• [Task directions] Using the material that follows, output exactly the lines from the one containing "Task: Locate the" through the one containing "Screen dimensions: 1308x924", with both ends kept.

• [Data extracts]
####
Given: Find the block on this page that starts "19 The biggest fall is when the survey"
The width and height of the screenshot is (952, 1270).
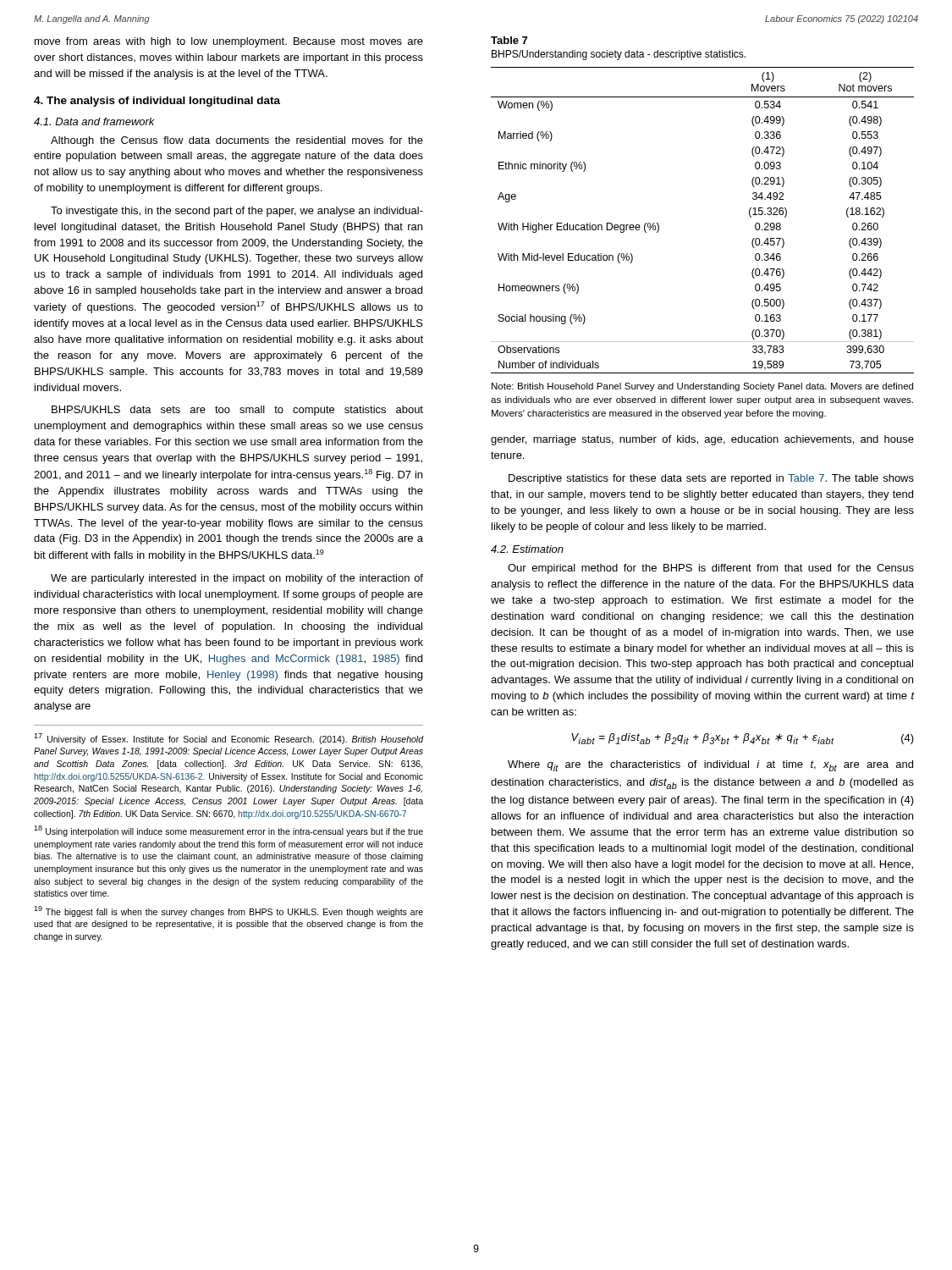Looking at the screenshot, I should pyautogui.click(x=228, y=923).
####
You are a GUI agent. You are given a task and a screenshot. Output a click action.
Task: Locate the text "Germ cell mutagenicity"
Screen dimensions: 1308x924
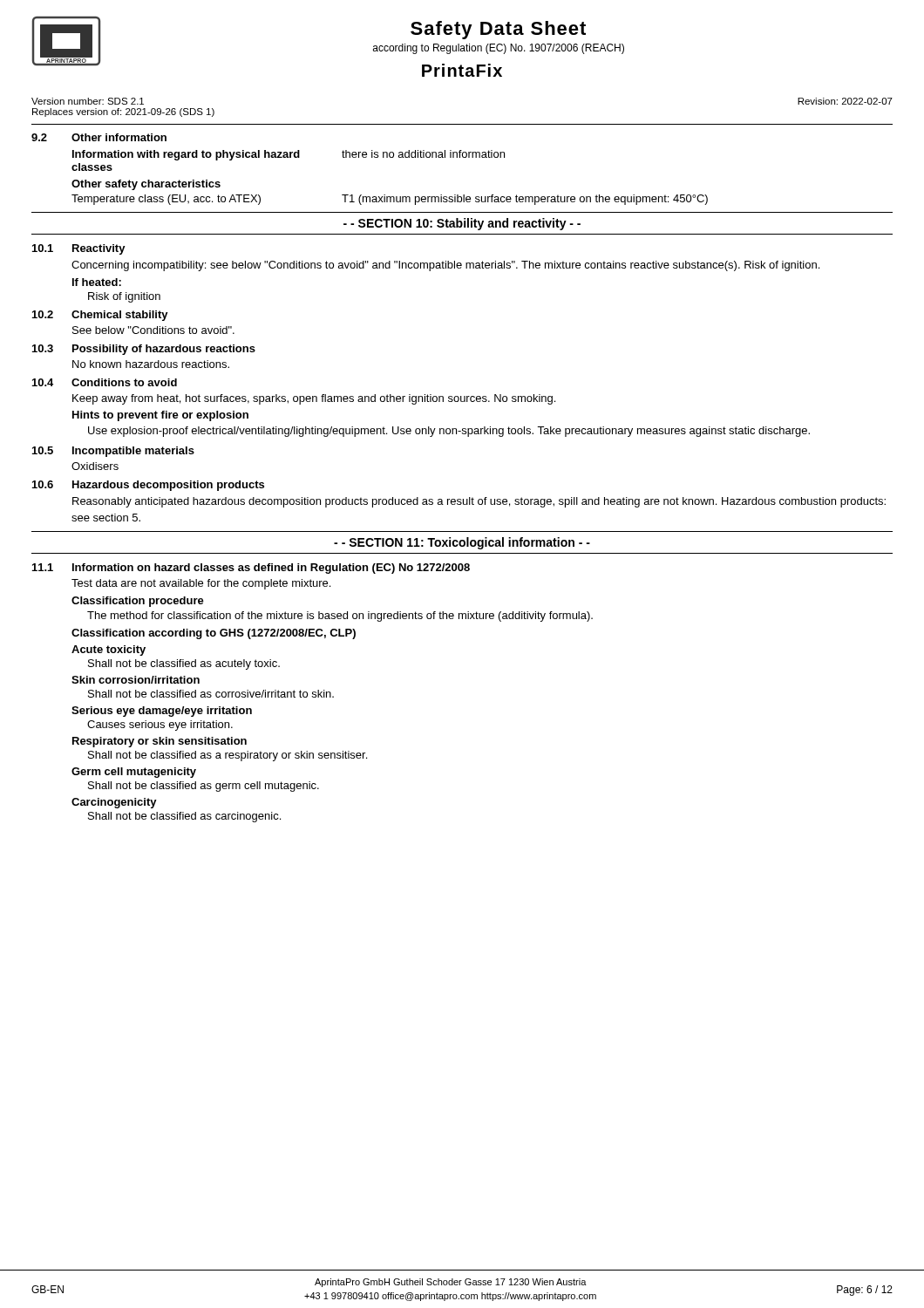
####
• [Your solution]
Task: Locate the text "Germ cell mutagenicity"
Screen dimensions: 1308x924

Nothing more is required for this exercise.